Question

What partial pressure of hydrogen gas is required in order for 0.00100 g of the gas to dissolve in 17.6 ml of pure water? the henry's law constant for hydrogen gas is 7.8 × 10–4 m atm–1?

Answer 1

To find the required partial pressure of hydrogen gas for its dissolution in water, convert the given mass of hydrogen to moles, calculate its molarity, and apply Henry's Law by dividing the molarity by the Henry's Law constant.

Step-by-step explanation:

Calculating Partial Pressure of Hydrogen in Water

To find the partial pressure of hydrogen gas required for the dissolution of 0.00100 g of H2 in 17.6 ml of water, we will use Henry's Law. Henry's Law states that the solubility of a gas in a liquid is directly proportional to the pressure of the gas above the liquid.

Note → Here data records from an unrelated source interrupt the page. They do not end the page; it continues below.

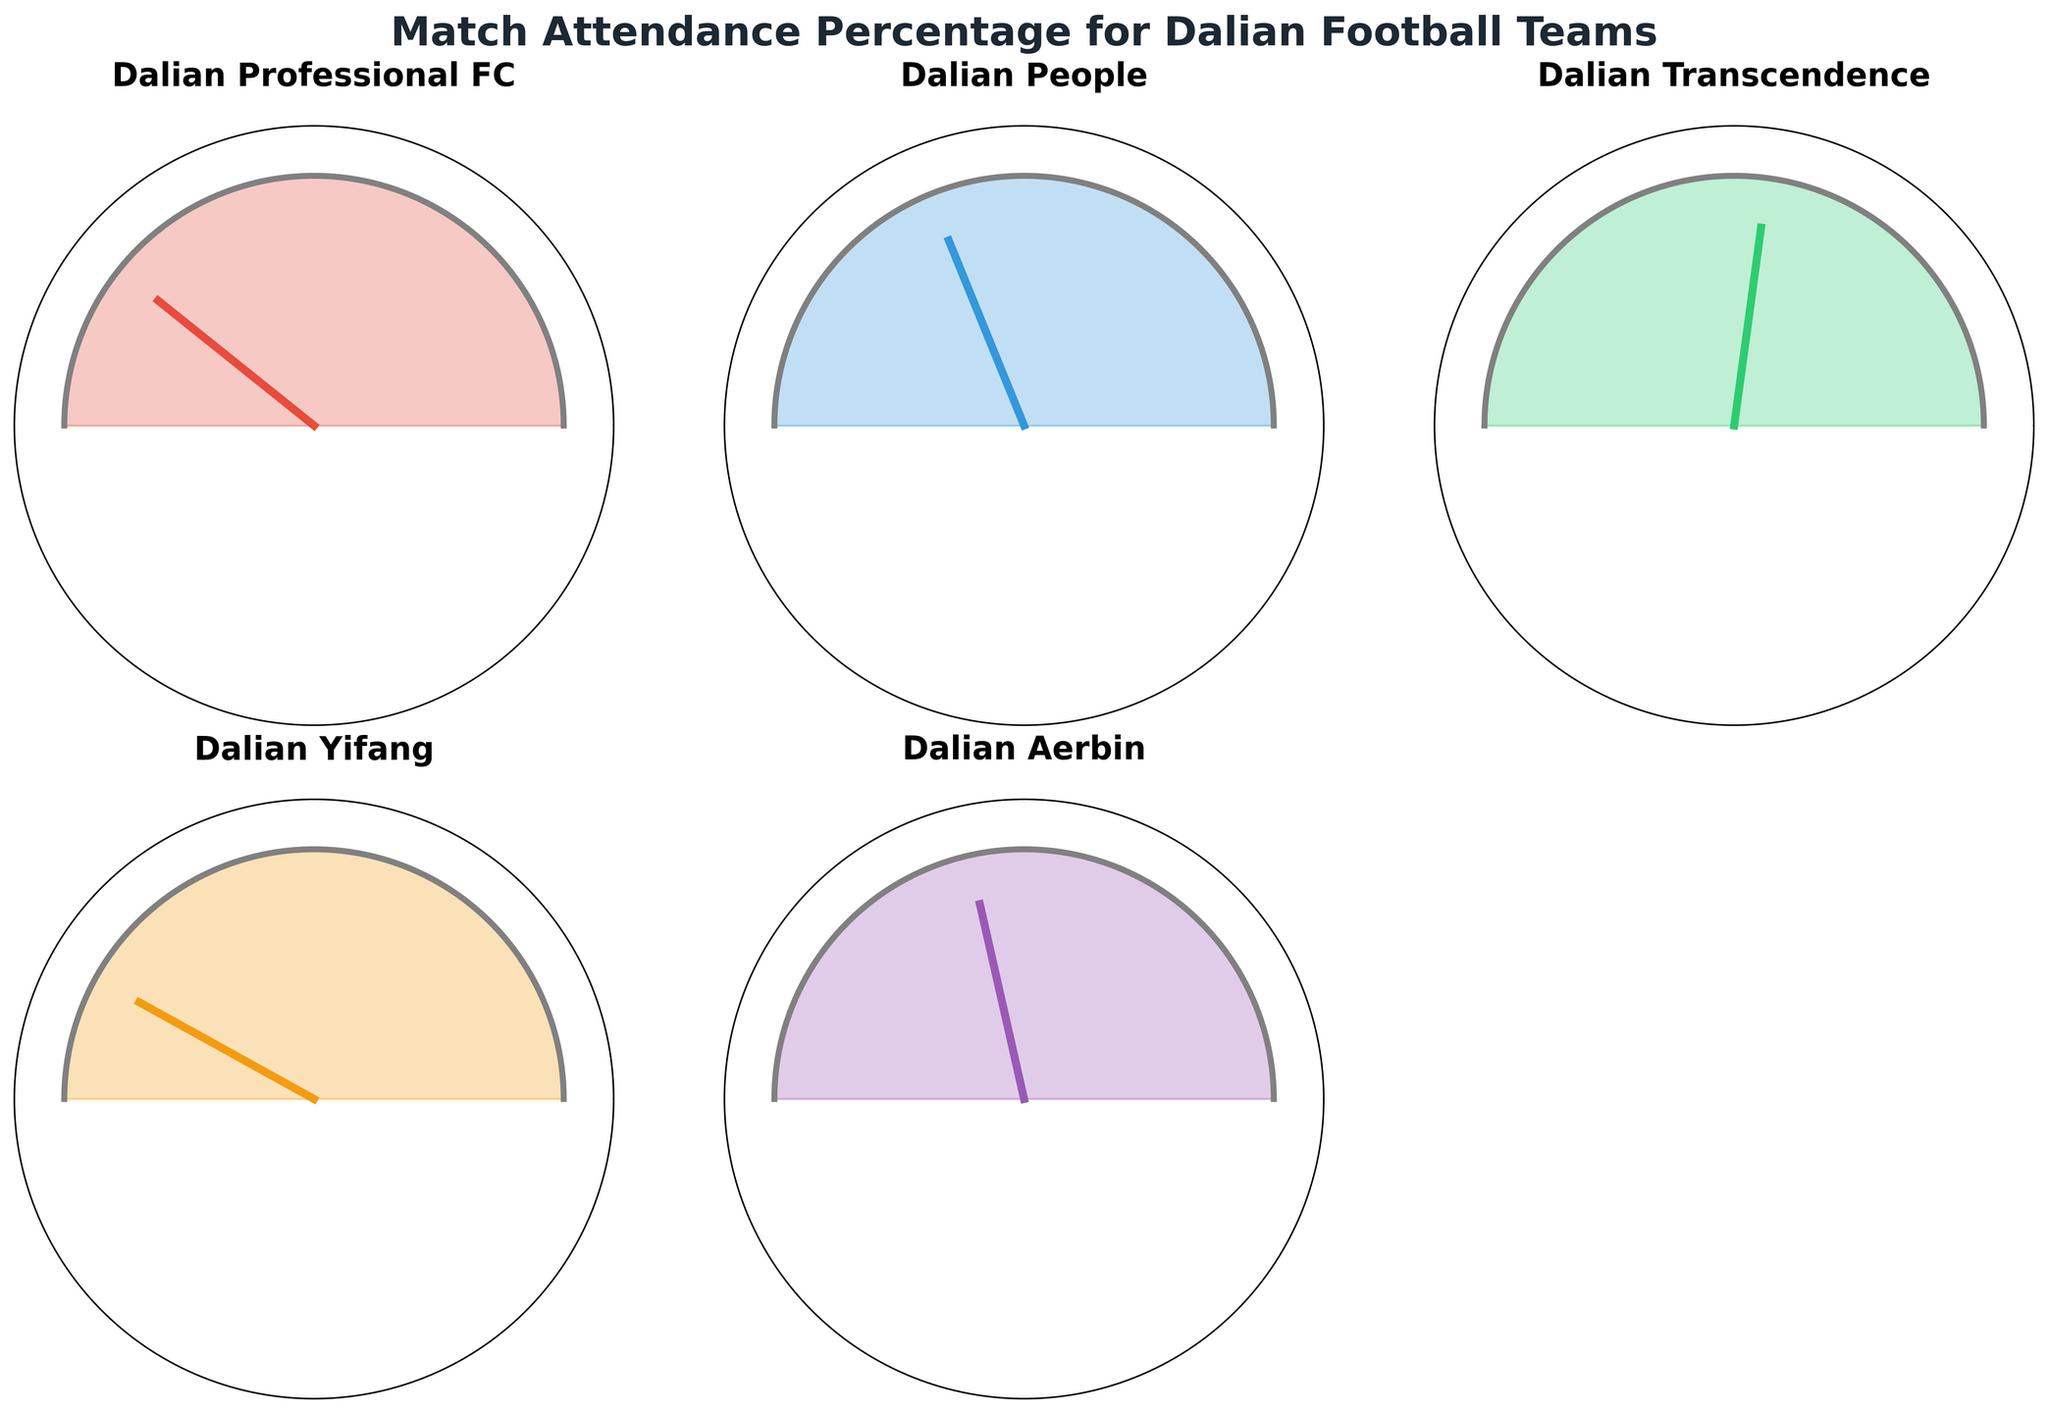What is the title of the figure? The title is located at the top of the figure, providing a summary of what the figure represents.
Answer: Match Attendance Percentage for Dalian Football Teams What is the attendance percentage for Dalian Yifang? Look at the gauge chart labeled "Dalian Yifang" and find the percentage shown near the needle or as text.
Answer: 83.9% Which team has the highest attendance percentage? Compare the attendance percentages of all the teams. The one with the highest percentage is the answer.
Answer: Dalian Yifang Which team has the lowest attendance percentage? Compare the attendance percentages of all the teams. The one with the lowest percentage is the answer.
Answer: Dalian Transcendence What is the average attendance percentage for all the teams? Sum all the attendance percentages and divide by the number of teams: (78.5 + 62.3 + 45.7 + 83.9 + 57.1) / 5.
Answer: 65.5% How many teams have an attendance percentage above 70%? Check each team's percentage and count how many exceed 70%.
Answer: 2 Which team has a higher attendance rate, Dalian Professional FC or Dalian Aerbin? Compare the attendance percentages of both teams, 78.5% for Dalian Professional FC and 57.1% for Dalian Aerbin.
Answer: Dalian Professional FC What is the difference in attendance percentage between Dalian People and Dalian Transcendence? Subtract the attendance percentage of Dalian Transcendence from that of Dalian People: 62.3 - 45.7.
Answer: 16.6% Is there any team with an attendance percentage exactly in the middle of the highest and lowest percentages? Find the median value between the highest (83.9) and lowest (45.7) percentages. None of the teams has exactly this percentage.
Answer: No Which team has an attendance percentage closest to 60%? Compare each team's attendance percentage to 60% and find the closest one.
Answer: Dalian People 
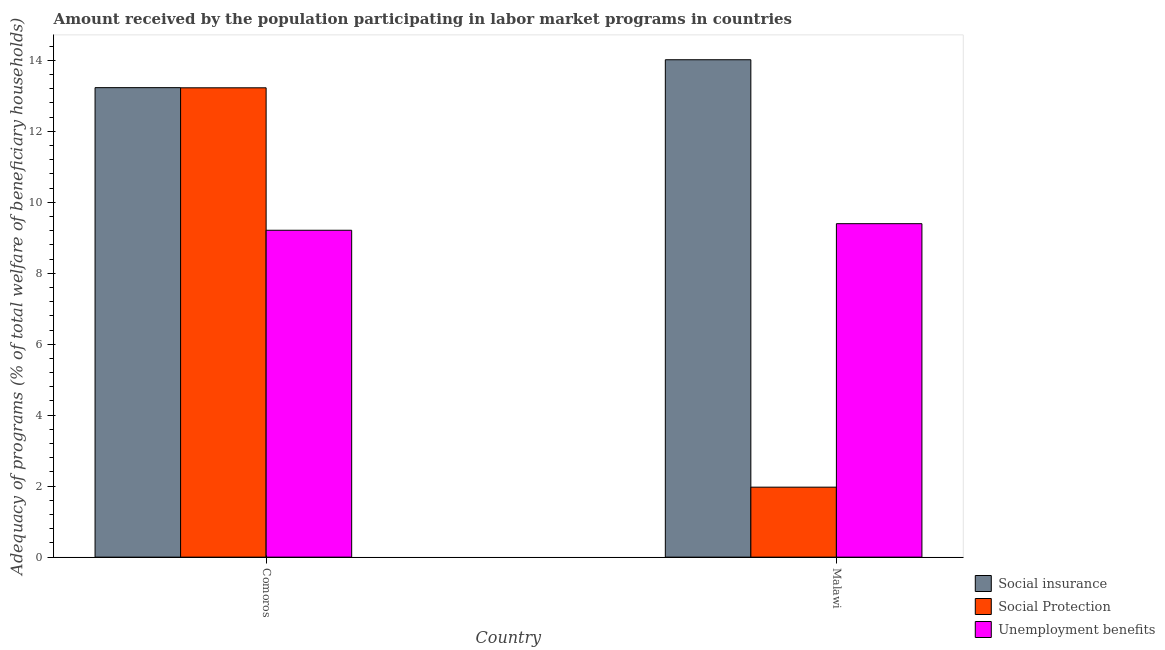How many different coloured bars are there?
Your response must be concise. 3. How many groups of bars are there?
Your answer should be compact. 2. Are the number of bars on each tick of the X-axis equal?
Ensure brevity in your answer.  Yes. How many bars are there on the 2nd tick from the left?
Your answer should be very brief. 3. What is the label of the 1st group of bars from the left?
Offer a terse response. Comoros. In how many cases, is the number of bars for a given country not equal to the number of legend labels?
Your answer should be very brief. 0. What is the amount received by the population participating in social insurance programs in Malawi?
Make the answer very short. 14.02. Across all countries, what is the maximum amount received by the population participating in social protection programs?
Keep it short and to the point. 13.22. Across all countries, what is the minimum amount received by the population participating in social insurance programs?
Your response must be concise. 13.23. In which country was the amount received by the population participating in social insurance programs maximum?
Make the answer very short. Malawi. In which country was the amount received by the population participating in unemployment benefits programs minimum?
Offer a terse response. Comoros. What is the total amount received by the population participating in social protection programs in the graph?
Your answer should be very brief. 15.2. What is the difference between the amount received by the population participating in social protection programs in Comoros and that in Malawi?
Offer a very short reply. 11.25. What is the difference between the amount received by the population participating in social protection programs in Comoros and the amount received by the population participating in unemployment benefits programs in Malawi?
Give a very brief answer. 3.83. What is the average amount received by the population participating in social insurance programs per country?
Your response must be concise. 13.62. What is the difference between the amount received by the population participating in social insurance programs and amount received by the population participating in social protection programs in Comoros?
Ensure brevity in your answer.  0. In how many countries, is the amount received by the population participating in social protection programs greater than 12.8 %?
Make the answer very short. 1. What is the ratio of the amount received by the population participating in social protection programs in Comoros to that in Malawi?
Your answer should be very brief. 6.71. What does the 1st bar from the left in Malawi represents?
Offer a very short reply. Social insurance. What does the 1st bar from the right in Malawi represents?
Ensure brevity in your answer.  Unemployment benefits. How many countries are there in the graph?
Offer a very short reply. 2. Does the graph contain grids?
Offer a terse response. No. What is the title of the graph?
Your response must be concise. Amount received by the population participating in labor market programs in countries. What is the label or title of the X-axis?
Offer a very short reply. Country. What is the label or title of the Y-axis?
Your response must be concise. Adequacy of programs (% of total welfare of beneficiary households). What is the Adequacy of programs (% of total welfare of beneficiary households) of Social insurance in Comoros?
Your response must be concise. 13.23. What is the Adequacy of programs (% of total welfare of beneficiary households) in Social Protection in Comoros?
Ensure brevity in your answer.  13.22. What is the Adequacy of programs (% of total welfare of beneficiary households) of Unemployment benefits in Comoros?
Your response must be concise. 9.21. What is the Adequacy of programs (% of total welfare of beneficiary households) of Social insurance in Malawi?
Your answer should be compact. 14.02. What is the Adequacy of programs (% of total welfare of beneficiary households) in Social Protection in Malawi?
Your answer should be very brief. 1.97. What is the Adequacy of programs (% of total welfare of beneficiary households) of Unemployment benefits in Malawi?
Keep it short and to the point. 9.4. Across all countries, what is the maximum Adequacy of programs (% of total welfare of beneficiary households) in Social insurance?
Offer a very short reply. 14.02. Across all countries, what is the maximum Adequacy of programs (% of total welfare of beneficiary households) of Social Protection?
Ensure brevity in your answer.  13.22. Across all countries, what is the maximum Adequacy of programs (% of total welfare of beneficiary households) of Unemployment benefits?
Provide a short and direct response. 9.4. Across all countries, what is the minimum Adequacy of programs (% of total welfare of beneficiary households) of Social insurance?
Your answer should be compact. 13.23. Across all countries, what is the minimum Adequacy of programs (% of total welfare of beneficiary households) in Social Protection?
Your answer should be compact. 1.97. Across all countries, what is the minimum Adequacy of programs (% of total welfare of beneficiary households) in Unemployment benefits?
Offer a terse response. 9.21. What is the total Adequacy of programs (% of total welfare of beneficiary households) of Social insurance in the graph?
Keep it short and to the point. 27.24. What is the total Adequacy of programs (% of total welfare of beneficiary households) in Social Protection in the graph?
Make the answer very short. 15.2. What is the total Adequacy of programs (% of total welfare of beneficiary households) in Unemployment benefits in the graph?
Keep it short and to the point. 18.61. What is the difference between the Adequacy of programs (% of total welfare of beneficiary households) of Social insurance in Comoros and that in Malawi?
Provide a succinct answer. -0.79. What is the difference between the Adequacy of programs (% of total welfare of beneficiary households) of Social Protection in Comoros and that in Malawi?
Your answer should be compact. 11.25. What is the difference between the Adequacy of programs (% of total welfare of beneficiary households) in Unemployment benefits in Comoros and that in Malawi?
Ensure brevity in your answer.  -0.19. What is the difference between the Adequacy of programs (% of total welfare of beneficiary households) of Social insurance in Comoros and the Adequacy of programs (% of total welfare of beneficiary households) of Social Protection in Malawi?
Provide a short and direct response. 11.26. What is the difference between the Adequacy of programs (% of total welfare of beneficiary households) of Social insurance in Comoros and the Adequacy of programs (% of total welfare of beneficiary households) of Unemployment benefits in Malawi?
Ensure brevity in your answer.  3.83. What is the difference between the Adequacy of programs (% of total welfare of beneficiary households) of Social Protection in Comoros and the Adequacy of programs (% of total welfare of beneficiary households) of Unemployment benefits in Malawi?
Provide a short and direct response. 3.83. What is the average Adequacy of programs (% of total welfare of beneficiary households) in Social insurance per country?
Provide a short and direct response. 13.62. What is the average Adequacy of programs (% of total welfare of beneficiary households) in Social Protection per country?
Ensure brevity in your answer.  7.6. What is the average Adequacy of programs (% of total welfare of beneficiary households) of Unemployment benefits per country?
Give a very brief answer. 9.3. What is the difference between the Adequacy of programs (% of total welfare of beneficiary households) of Social insurance and Adequacy of programs (% of total welfare of beneficiary households) of Social Protection in Comoros?
Offer a very short reply. 0. What is the difference between the Adequacy of programs (% of total welfare of beneficiary households) of Social insurance and Adequacy of programs (% of total welfare of beneficiary households) of Unemployment benefits in Comoros?
Offer a terse response. 4.02. What is the difference between the Adequacy of programs (% of total welfare of beneficiary households) in Social Protection and Adequacy of programs (% of total welfare of beneficiary households) in Unemployment benefits in Comoros?
Provide a succinct answer. 4.01. What is the difference between the Adequacy of programs (% of total welfare of beneficiary households) of Social insurance and Adequacy of programs (% of total welfare of beneficiary households) of Social Protection in Malawi?
Your response must be concise. 12.04. What is the difference between the Adequacy of programs (% of total welfare of beneficiary households) of Social insurance and Adequacy of programs (% of total welfare of beneficiary households) of Unemployment benefits in Malawi?
Your answer should be compact. 4.62. What is the difference between the Adequacy of programs (% of total welfare of beneficiary households) in Social Protection and Adequacy of programs (% of total welfare of beneficiary households) in Unemployment benefits in Malawi?
Provide a succinct answer. -7.42. What is the ratio of the Adequacy of programs (% of total welfare of beneficiary households) of Social insurance in Comoros to that in Malawi?
Keep it short and to the point. 0.94. What is the ratio of the Adequacy of programs (% of total welfare of beneficiary households) in Social Protection in Comoros to that in Malawi?
Ensure brevity in your answer.  6.71. What is the ratio of the Adequacy of programs (% of total welfare of beneficiary households) of Unemployment benefits in Comoros to that in Malawi?
Give a very brief answer. 0.98. What is the difference between the highest and the second highest Adequacy of programs (% of total welfare of beneficiary households) of Social insurance?
Your answer should be compact. 0.79. What is the difference between the highest and the second highest Adequacy of programs (% of total welfare of beneficiary households) in Social Protection?
Your response must be concise. 11.25. What is the difference between the highest and the second highest Adequacy of programs (% of total welfare of beneficiary households) in Unemployment benefits?
Give a very brief answer. 0.19. What is the difference between the highest and the lowest Adequacy of programs (% of total welfare of beneficiary households) of Social insurance?
Offer a very short reply. 0.79. What is the difference between the highest and the lowest Adequacy of programs (% of total welfare of beneficiary households) of Social Protection?
Offer a terse response. 11.25. What is the difference between the highest and the lowest Adequacy of programs (% of total welfare of beneficiary households) of Unemployment benefits?
Your answer should be compact. 0.19. 
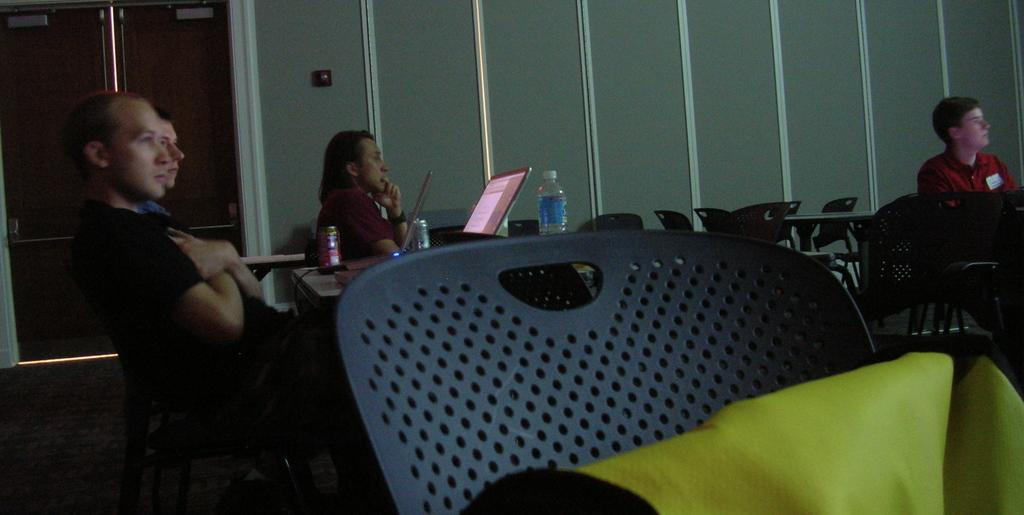How many people are in the image? There are four men in the image. What are the men doing in the image? The men are sitting at tables. What might the men be listening to? The men are listening to something. How much weight can the beginner lift in the image? There is no information about lifting weights or a beginner in the image. 
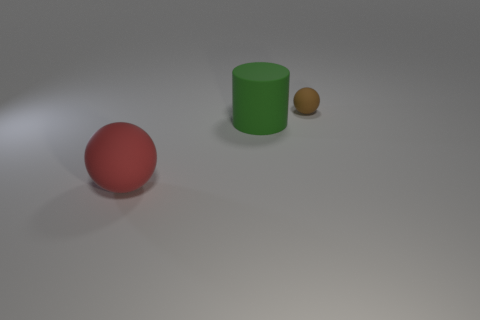What number of other things are there of the same shape as the tiny brown rubber object?
Keep it short and to the point. 1. Is the size of the thing that is on the right side of the green matte cylinder the same as the large green thing?
Provide a short and direct response. No. Is the number of small matte balls that are behind the tiny sphere greater than the number of tiny brown spheres?
Your answer should be very brief. No. What number of brown things are to the right of the sphere that is in front of the small thing?
Give a very brief answer. 1. Are there fewer brown things left of the small brown object than tiny purple rubber things?
Provide a short and direct response. No. Is there a large red object that is behind the matte sphere behind the sphere that is to the left of the green cylinder?
Provide a short and direct response. No. What color is the ball behind the ball left of the rubber cylinder?
Provide a succinct answer. Brown. There is a rubber ball right of the sphere in front of the matte thing that is on the right side of the green matte cylinder; what size is it?
Make the answer very short. Small. Is the shape of the red matte object the same as the object behind the large green thing?
Provide a succinct answer. Yes. What number of other things are there of the same size as the brown rubber sphere?
Provide a short and direct response. 0. 
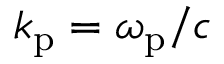Convert formula to latex. <formula><loc_0><loc_0><loc_500><loc_500>k _ { p } = \omega _ { p } / { c }</formula>

The equation can be represented as: S = kH * P, where S is the solubility of the gas (in moles per liter), kH is the Henry's Law constant, and P is the partial pressure of the gas.

First, we convert the mass of H2 to moles using its molar mass (2.02 g/mol). Then, we calculate the molarity by dividing the number of moles by the volume of water in liters. Once we have the molarity, we can rearrange Henry's Law to solve for P: P = S / kH. By substituting the calculated molarity and the given Henry's Law constant for hydrogen, we can determine the required partial pressure.

Step-by-Step Calculation:

1. Convert mass of H2 to moles: moles = mass / molar mass

2. Calculate molarity: molarity = moles / volume in liters

3. Use Henry's Law to find partial pressure: P = S / kH

Answer 2

There is a minor typo in this question. The value of 7.8x10^-4 m/atm is nonsense. However, looking up the Henry's constant for hydrogen gas, there is a value of 7.8x10^-4 m/(L*atm) which I will assume is the correct unit and the rest of the problem will be done with that in mind.
First, determine what the molar concentration would be for 0.00100 g of H2 dissolved in 17.6 ml of water. Start with the atomic weight of hydrogen = 1.00794 g/mol. Molar mass of H2 is twice that, so 2 * 1.00794 = 2.01588 g/mol. So the number of moles of H2 we have is 0.001 g / 2.01588 g/mol = 0.000496061 mol. Finally, the molarity of the solution is 0.000496061 mol / 0.0176 L = 0.0281853 mol/L.
Now we can use the equation
Hcp = Ca/p
where
Hcp = Henry's constant
Ca = Concentration in aqueous solution
p = pressure
So solve for p, substitute the known values, and calculate:
Hcp = Ca/p
p*Hcp = Ca
p = Ca/Hcp
p = (0.0281853 mol/L)/(7.8x10^-4 mol/(L*atm))
p = 36.135 atm
Rounding to 3 significant figures gives p = 36.1 atmospheres.